The width of a rectangle measures left bracket, 8, c, minus, 5, right bracket(8c−5) centimeters, and its length measures left bracket, 2, c, plus, 10, right bracket(2c+10) centimeters. Which expression represents the perimeter, in centimeters, of the rectangle?
Answer
Multiple Choice Answers
24, plus, 6, c24+6c
5, plus, 10, c5+10c
12, plus, 3, c12+3c
10, plus, 20, c10+20c
The perimeter of a rectangle is found by adding up all four sides.

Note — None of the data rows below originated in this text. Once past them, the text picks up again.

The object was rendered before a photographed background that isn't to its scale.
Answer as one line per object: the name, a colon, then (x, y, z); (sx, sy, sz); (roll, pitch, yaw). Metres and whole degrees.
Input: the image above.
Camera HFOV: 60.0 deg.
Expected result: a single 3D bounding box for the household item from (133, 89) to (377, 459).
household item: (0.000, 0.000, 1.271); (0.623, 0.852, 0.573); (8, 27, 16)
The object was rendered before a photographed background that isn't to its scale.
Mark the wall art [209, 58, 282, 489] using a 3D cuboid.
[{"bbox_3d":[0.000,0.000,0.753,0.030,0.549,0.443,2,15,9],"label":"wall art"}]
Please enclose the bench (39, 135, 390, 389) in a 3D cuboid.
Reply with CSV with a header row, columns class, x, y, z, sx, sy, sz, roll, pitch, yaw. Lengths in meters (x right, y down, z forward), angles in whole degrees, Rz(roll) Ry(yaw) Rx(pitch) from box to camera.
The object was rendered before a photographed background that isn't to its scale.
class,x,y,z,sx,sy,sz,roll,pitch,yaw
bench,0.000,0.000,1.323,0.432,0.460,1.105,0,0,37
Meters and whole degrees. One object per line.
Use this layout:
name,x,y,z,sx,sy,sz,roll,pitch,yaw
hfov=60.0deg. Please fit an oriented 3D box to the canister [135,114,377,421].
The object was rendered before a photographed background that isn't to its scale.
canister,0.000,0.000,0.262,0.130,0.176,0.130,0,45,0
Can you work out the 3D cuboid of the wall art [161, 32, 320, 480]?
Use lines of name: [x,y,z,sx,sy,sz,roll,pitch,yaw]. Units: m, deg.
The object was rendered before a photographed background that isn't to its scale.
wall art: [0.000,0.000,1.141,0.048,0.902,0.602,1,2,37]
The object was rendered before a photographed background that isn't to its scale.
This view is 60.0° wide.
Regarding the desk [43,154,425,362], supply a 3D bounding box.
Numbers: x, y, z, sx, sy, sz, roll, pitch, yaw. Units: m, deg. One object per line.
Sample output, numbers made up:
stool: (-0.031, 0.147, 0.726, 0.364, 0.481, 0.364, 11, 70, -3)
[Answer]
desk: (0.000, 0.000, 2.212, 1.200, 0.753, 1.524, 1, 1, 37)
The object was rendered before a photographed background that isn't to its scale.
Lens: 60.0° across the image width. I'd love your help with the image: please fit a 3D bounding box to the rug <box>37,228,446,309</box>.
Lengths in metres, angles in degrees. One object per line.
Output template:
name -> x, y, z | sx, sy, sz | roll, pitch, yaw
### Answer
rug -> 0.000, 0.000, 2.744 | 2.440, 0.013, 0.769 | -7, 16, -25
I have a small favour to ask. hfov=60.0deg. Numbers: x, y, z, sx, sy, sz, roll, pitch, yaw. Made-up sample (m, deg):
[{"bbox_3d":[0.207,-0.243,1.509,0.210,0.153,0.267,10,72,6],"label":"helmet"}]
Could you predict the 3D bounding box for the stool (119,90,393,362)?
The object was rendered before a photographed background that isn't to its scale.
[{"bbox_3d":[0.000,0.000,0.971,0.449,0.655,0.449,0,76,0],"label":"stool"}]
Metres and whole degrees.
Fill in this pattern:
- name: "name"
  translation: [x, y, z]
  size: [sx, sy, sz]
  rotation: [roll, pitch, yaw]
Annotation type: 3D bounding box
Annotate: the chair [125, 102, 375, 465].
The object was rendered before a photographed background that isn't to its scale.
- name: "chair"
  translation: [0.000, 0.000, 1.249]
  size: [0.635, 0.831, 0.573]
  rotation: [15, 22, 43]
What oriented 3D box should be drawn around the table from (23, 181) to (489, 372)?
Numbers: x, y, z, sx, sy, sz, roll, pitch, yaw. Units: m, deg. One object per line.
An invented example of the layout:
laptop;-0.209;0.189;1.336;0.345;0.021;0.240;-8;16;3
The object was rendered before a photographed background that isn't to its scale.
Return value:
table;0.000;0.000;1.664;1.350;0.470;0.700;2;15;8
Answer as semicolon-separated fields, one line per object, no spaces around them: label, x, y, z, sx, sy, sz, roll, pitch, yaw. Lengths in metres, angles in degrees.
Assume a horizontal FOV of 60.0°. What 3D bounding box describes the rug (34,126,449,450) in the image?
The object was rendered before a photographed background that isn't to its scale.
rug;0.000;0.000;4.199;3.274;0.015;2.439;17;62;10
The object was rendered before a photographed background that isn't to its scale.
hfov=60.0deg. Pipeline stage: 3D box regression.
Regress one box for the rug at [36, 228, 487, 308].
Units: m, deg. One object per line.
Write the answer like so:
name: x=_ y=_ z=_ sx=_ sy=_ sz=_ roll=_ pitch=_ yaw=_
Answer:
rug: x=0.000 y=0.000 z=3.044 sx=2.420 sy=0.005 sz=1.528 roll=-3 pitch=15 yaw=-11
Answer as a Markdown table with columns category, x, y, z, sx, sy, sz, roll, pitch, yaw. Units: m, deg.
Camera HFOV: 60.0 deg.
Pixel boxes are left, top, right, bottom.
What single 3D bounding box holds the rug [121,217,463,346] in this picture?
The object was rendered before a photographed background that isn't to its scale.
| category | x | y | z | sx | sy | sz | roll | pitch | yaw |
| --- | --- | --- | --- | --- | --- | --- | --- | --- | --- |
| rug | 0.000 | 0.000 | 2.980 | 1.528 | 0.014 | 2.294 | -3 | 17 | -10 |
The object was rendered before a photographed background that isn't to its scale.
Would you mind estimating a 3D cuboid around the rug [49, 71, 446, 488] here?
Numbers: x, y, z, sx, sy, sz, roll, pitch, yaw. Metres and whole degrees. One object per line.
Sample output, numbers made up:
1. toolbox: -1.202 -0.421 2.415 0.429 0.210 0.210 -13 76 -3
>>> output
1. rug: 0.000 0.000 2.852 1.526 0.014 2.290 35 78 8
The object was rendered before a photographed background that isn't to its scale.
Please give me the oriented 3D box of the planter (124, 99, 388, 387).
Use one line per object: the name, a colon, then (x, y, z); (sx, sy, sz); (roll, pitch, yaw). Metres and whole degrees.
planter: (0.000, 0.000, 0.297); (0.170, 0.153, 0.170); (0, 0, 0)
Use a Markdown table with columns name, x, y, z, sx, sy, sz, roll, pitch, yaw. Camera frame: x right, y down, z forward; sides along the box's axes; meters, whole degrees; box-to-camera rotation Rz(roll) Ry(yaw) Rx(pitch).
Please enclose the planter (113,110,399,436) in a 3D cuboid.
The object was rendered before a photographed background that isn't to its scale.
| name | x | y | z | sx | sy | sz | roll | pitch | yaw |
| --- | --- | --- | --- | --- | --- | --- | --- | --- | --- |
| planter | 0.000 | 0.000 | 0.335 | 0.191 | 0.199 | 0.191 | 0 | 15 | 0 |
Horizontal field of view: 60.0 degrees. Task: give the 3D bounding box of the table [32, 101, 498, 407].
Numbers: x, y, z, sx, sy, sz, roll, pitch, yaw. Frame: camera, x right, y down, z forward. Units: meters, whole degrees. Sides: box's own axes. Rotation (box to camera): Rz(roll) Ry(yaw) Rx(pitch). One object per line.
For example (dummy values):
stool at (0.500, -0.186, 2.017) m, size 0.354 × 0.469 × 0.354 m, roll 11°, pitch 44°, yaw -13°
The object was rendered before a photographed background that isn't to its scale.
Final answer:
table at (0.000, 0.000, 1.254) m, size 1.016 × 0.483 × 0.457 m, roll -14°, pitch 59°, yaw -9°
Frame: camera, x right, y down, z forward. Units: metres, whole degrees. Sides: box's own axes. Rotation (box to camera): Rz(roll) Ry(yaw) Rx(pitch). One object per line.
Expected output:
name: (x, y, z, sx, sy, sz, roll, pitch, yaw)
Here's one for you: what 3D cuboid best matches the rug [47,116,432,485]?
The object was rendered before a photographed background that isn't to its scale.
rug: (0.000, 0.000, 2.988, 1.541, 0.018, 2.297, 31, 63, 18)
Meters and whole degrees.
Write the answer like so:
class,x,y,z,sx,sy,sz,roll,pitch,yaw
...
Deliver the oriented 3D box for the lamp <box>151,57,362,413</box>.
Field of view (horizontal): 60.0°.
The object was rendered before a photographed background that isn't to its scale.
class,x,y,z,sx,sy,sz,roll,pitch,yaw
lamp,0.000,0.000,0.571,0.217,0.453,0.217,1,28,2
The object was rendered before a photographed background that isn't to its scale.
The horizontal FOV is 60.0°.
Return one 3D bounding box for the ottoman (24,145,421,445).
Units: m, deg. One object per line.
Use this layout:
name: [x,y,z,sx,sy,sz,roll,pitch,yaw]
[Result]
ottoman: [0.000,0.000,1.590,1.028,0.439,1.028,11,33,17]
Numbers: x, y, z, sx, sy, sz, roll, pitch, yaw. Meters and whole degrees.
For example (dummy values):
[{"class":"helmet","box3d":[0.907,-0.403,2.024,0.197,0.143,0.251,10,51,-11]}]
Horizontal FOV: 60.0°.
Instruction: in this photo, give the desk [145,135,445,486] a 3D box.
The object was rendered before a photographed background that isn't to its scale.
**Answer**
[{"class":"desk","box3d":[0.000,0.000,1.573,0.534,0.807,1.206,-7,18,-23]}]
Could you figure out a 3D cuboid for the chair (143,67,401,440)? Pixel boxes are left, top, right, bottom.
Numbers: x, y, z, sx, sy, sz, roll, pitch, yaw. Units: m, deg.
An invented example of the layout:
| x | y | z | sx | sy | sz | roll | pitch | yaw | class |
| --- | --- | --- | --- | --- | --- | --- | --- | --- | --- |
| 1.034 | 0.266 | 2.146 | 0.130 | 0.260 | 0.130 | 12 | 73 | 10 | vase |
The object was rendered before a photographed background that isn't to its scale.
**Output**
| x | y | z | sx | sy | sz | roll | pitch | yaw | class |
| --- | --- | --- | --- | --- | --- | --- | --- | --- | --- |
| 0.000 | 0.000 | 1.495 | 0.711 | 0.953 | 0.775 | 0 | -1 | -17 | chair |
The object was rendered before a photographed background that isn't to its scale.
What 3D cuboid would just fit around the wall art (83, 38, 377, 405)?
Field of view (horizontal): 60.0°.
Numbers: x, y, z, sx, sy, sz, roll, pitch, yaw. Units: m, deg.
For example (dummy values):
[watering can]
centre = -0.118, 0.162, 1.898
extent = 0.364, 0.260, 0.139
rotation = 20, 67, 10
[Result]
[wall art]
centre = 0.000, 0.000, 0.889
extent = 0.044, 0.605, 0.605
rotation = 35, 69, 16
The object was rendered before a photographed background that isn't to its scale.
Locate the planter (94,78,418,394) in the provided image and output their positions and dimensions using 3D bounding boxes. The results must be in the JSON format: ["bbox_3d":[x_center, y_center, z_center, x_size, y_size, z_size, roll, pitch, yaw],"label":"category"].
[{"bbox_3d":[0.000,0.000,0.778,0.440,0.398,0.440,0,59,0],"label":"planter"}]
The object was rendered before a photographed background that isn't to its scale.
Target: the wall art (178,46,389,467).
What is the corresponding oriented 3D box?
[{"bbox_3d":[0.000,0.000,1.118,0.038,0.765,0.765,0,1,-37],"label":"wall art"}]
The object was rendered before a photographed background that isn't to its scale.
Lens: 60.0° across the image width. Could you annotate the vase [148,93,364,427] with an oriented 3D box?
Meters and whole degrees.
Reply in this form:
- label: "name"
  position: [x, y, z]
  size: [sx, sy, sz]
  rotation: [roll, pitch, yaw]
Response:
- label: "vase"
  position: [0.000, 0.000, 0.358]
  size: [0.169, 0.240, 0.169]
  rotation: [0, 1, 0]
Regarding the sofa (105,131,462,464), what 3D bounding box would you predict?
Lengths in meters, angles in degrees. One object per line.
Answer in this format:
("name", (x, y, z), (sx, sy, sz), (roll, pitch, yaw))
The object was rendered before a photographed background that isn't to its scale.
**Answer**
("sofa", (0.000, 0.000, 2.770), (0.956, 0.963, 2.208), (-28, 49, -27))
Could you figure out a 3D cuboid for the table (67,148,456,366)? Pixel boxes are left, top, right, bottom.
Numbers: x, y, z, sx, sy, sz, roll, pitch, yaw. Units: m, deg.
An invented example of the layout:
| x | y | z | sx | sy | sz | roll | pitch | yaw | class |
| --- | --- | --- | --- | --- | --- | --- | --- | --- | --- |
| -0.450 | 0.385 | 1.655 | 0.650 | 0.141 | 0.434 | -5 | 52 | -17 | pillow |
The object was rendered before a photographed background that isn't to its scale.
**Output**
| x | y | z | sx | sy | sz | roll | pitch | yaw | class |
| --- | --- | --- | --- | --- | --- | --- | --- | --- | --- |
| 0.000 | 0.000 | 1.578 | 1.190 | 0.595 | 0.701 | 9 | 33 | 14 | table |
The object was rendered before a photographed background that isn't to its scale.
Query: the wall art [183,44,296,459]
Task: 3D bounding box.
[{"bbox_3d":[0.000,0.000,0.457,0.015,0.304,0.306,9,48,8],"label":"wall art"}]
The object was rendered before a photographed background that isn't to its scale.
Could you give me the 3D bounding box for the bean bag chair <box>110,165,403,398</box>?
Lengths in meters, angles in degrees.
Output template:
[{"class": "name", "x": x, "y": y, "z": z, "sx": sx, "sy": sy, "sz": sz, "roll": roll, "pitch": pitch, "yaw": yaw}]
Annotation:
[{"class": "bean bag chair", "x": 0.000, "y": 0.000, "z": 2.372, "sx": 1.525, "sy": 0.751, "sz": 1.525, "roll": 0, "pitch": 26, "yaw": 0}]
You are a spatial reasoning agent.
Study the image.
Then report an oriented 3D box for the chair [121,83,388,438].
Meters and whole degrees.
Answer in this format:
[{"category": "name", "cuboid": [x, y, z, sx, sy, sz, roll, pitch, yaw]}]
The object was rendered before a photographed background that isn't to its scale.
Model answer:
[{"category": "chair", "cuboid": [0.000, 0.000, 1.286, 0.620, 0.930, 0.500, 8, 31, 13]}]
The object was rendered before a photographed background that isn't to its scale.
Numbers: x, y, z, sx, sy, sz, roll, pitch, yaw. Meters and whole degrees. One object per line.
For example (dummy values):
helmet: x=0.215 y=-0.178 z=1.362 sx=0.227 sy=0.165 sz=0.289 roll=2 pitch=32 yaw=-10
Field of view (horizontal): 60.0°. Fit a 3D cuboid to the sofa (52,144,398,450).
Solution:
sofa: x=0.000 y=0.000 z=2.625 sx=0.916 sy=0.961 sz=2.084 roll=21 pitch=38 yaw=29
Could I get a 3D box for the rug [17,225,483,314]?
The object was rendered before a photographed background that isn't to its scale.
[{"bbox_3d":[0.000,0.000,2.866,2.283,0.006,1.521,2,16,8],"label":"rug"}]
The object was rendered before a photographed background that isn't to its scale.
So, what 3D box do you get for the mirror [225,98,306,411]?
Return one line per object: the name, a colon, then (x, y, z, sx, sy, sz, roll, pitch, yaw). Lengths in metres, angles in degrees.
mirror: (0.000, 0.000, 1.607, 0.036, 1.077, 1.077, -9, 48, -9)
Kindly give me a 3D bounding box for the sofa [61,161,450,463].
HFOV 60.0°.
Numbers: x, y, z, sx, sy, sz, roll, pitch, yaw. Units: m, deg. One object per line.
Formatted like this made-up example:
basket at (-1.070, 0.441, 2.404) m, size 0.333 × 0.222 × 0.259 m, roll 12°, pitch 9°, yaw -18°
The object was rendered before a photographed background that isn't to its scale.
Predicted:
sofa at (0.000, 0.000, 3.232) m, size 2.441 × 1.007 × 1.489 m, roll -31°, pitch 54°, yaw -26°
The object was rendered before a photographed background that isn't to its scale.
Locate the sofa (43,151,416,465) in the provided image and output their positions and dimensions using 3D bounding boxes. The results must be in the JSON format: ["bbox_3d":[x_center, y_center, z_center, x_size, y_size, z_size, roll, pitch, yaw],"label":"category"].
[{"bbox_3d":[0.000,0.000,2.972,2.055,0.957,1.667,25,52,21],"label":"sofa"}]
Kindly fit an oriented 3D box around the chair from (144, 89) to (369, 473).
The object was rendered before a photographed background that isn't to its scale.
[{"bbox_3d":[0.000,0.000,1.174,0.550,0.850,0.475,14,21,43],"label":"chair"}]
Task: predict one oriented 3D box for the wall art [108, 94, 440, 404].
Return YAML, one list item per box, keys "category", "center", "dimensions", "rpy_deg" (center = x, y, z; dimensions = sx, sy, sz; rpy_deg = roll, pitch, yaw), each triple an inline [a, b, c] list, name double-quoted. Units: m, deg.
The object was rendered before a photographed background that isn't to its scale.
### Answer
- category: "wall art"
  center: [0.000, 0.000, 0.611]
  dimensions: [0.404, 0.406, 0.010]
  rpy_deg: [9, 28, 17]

One side has a length of (8c-5) centimeters.
One side has a length of (2c+10) centimeters.
The other two sides are also equal to these lengths.
Therefore, the expression that represents the perimeter is:
(8c-5) + (2c+10) + (8c-5) + (2c+10) = 20c + 10.
So the correct answer is 20c + 10.
The formula to calculate the perimeter of a rectangle is given by the expression:
Perimeter = 2(length + width)
In this case, the length is (2c + 10) and the width is (8c - 5).
Therefore, the expression representing the perimeter of the rectangle is:
2(2c + 10 + 8c - 5)
Simplifying the expression:
2(10c + 5)
Finally, the perimeter expression is:
20c + 10.
To find the perimeter of the rectangle, we need to add up all the sides.
The width of the rectangle is given as (8c−5) centimeters and the length is given as (2c+10) centimeters.
The perimeter is the sum of all four sides of the rectangle.
The two sides of length are (2c+10) and (2c+10) which adds up to 2(2c+10) or 4c + 20.
The two sides of width are (8c−5) and (8c−5) which adds up to 2(8c−5) or 16c − 10.
Finally, we can find the perimeter by adding the lengths of all four sides:
Perimeter = (4c + 20) + (16c − 10)
Simplifying the expression gives:
Perimeter = 4c + 20 + 16c − 10
Perimeter = 20c + 10
So the expression that represents the perimeter of the rectangle is 20c + 10.
Therefore, the correct answer is: 10, plus, 20, c (10+20c).